Quando Freud caracteriza a Neurose Obsessiva em sua obra ele está falando de um tipo de
patologia psíquica, um tipo de doença. Freud costuma dar mais ênfase aos sintomas da N.O
que hoje dentro da psiquiatria, dentro do campo da psicopatologia não psicanalítica são
sintomas que encontramos num quadro conhecido popularmente sobre o transtorno
obsessivo compulsivo (TOC) que é uma abordagem mais descritiva porque os dois sintomas
mais característico dessa patologia são justamente os pensamentos obsessivos, ou seja, ideias
que invadem a consciência do sujeito e que ele não consegue controlar voluntariamente e as
compulsões que são comportamentos que o sujeito executa justamente para se livrar dos
sentimentos negativos provocados pelos pensamentos obsessivos. As compulsões acabam
sendo atos que visam neutralizar o efeito dos pensamentos obsessivos sob o sujeito. Essa é a
caracterização da patologia N.O ou transtorno obsessivo compulsivo, mas temos também em
psicanalise a estrutura de personalidade obsessiva, pessoas que estão na estrutura obsessiva
que são neuróticos obsessivos podem manifestar esses sintomas ou não.

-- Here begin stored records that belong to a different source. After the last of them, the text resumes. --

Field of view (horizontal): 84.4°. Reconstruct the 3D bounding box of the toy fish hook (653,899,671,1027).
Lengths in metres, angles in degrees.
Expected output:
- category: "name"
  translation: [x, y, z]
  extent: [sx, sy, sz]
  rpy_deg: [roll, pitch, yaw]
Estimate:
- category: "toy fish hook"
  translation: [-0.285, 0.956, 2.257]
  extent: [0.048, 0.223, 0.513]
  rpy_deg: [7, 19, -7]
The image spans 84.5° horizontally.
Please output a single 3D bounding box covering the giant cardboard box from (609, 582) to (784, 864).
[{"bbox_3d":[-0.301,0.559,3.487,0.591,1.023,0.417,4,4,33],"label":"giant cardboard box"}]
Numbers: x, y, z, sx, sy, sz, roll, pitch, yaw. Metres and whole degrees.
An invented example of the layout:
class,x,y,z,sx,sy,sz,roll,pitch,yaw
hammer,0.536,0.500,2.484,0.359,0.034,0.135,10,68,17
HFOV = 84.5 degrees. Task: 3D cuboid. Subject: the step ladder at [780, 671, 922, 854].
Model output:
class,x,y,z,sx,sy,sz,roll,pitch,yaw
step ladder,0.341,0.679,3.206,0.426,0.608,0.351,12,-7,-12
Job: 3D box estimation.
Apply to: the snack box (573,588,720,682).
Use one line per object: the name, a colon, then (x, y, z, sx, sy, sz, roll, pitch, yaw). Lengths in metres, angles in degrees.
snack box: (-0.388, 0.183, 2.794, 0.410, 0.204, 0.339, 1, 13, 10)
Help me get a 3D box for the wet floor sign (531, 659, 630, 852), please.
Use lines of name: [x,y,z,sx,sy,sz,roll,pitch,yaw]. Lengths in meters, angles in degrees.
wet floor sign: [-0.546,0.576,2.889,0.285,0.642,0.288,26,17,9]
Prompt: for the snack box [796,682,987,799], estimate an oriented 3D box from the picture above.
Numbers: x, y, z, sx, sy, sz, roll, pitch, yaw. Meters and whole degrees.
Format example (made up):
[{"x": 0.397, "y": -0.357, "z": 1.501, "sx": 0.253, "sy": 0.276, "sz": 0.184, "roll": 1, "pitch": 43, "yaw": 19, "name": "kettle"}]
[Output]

Pode ter uma pessoa que está na estrutura obsessiva mas que não necessariamente
apresentar esses sintomas de forma acentuada. Nessa aula trago três traços de personalidade
que costumam estar presentes na configuração, do modo de ser de um sujeito que está na
estrutura obsessiva.

1.O primeiro elemento é o excesso de culpa. O sujeito que está na estrutura obsessiva em
geral vive em um estado constante e crônico de culpa. A culpa evidentemente é um
sentimento que os acomete quando fazem algo que se sabe que a priori ou a posteriori não
deveria ser feito, a culpa tem sempre relação com o dever, com o ideal de conduta.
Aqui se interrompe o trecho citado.